IBM today announced two new open source initiatives aimed at solving the technological challenges surrounding cube satellites, a form of space science miniaturized satellite, and understanding of space situations. Both were constructed by the Space Technology Hub team of the organization and are available on IBM’s Red Hat OpenShift platform as containerized deployments.
The Space Tech Hub team, led by Naeem Altaf, IBM’s distinguished engineer and space technology CTO, also partners with state agencies, colleges, and space technology companies to pioneer spacecraft and satellite solutions. The team today unveiled KubeSat, an autonomous structure designed for tiny satellites that supports connectivity optimization. They also unveiled the framework of Space Situational Awareness (SSA), which is based on a series of algorithms that decide where human-constructed objects are positioned orbiting the Earth and might drift in the future.
“Our team is committed to fostering the future of creativity in space. IBM wrote in a blog post that with the proliferation of satellites of all sizes in lower Earth orbit in space, huge amounts of data would be generated related to Earth observation, space traffic control, space situational awareness.
As a “cognitive” suite designed to simulate orbital mechanics for objects through Orekit, a low-level space dynamics library written in Java, IBM describes KubeSat. KubeSat uses calculations to limit communications between satellites, ground sensors, and more by integrating NATS messaging systems, optimizing machine learning communications, and publishing them on a dashboard. (NATS is a high-performance messaging system that functions as a queue of distributed messaging.) IBM says it is possible to use KubeSat to model how clusters are shaped by cube satellites and communicate with items such as ground stations.
The architecture of KubeSat allows users to swap unique use cases into AI models. Communications can be autonomous between satellite swarms, allowing swarms to integrate or separate as necessary.

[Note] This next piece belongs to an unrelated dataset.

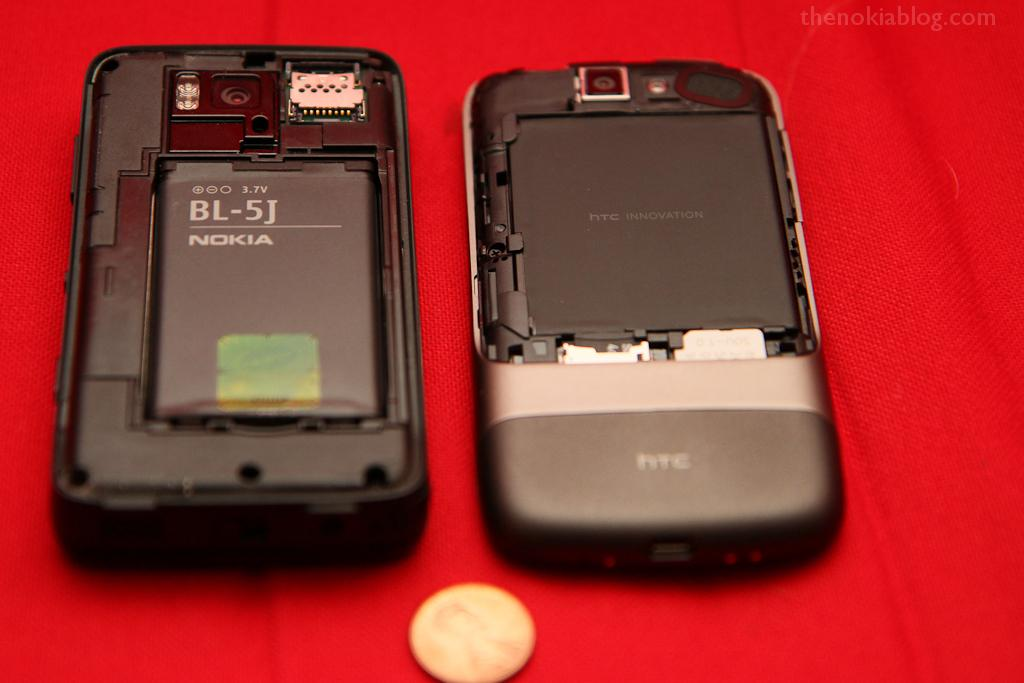<image>
Create a compact narrative representing the image presented. Two cellphone batteries are visible, on the left is a Nokia BL-5J.

IBM is open-sourcing the app code for Orekit alongside KubeSat, which it has developed with undergraduate students at Stanford University. Extensions from Orekit help simulate communications from satellite to satellite, satellite to ground station, and satellite to ground sensor over a meshed NATS messaging network, optionally with a custom visualization layer.
Space Situational Awareness (SSA)
The open-source SSA framework was created today jointly with Professor Dr. Moriba Jah of the University of Texas, Austin. SSA prevents the pitfall of trying to craft a model to predict all the orbital dynamics of an object by using AI techniques to determine when physical models wrongly predict the potential position of an object.
Tens of thousands of human-constructed structures are known to circle the Earth, flying at speeds reaching 8,000 meters per second. Problematically, position data about these objects appear to be uncommon and noisy, and in unpredictable ways, factors such as space weather and atmospheric density influence their trajectories.
To train baseline AI models, SSA sources data from the United States Strategic Command. The dataset is updated about once a day for most objects in low-Earth orbit, IBM says. A physics-based model forecasts disruptions caused by the Earth in the orbit of an object, while a machine learning model anticipates mistakes in the predictions of the physical model. SSA blends the two models and changes the prediction of the physical model according to the expected error.
“A defining concern of the ‘space 2.0 era’ is the simulation and impact prediction of anthropogenic space objects,” IBM added. “You can now enter our project to solve the ‘space garbage’ problem by open-sourcing a complete pipeline to make orbital forecasts and display the results.”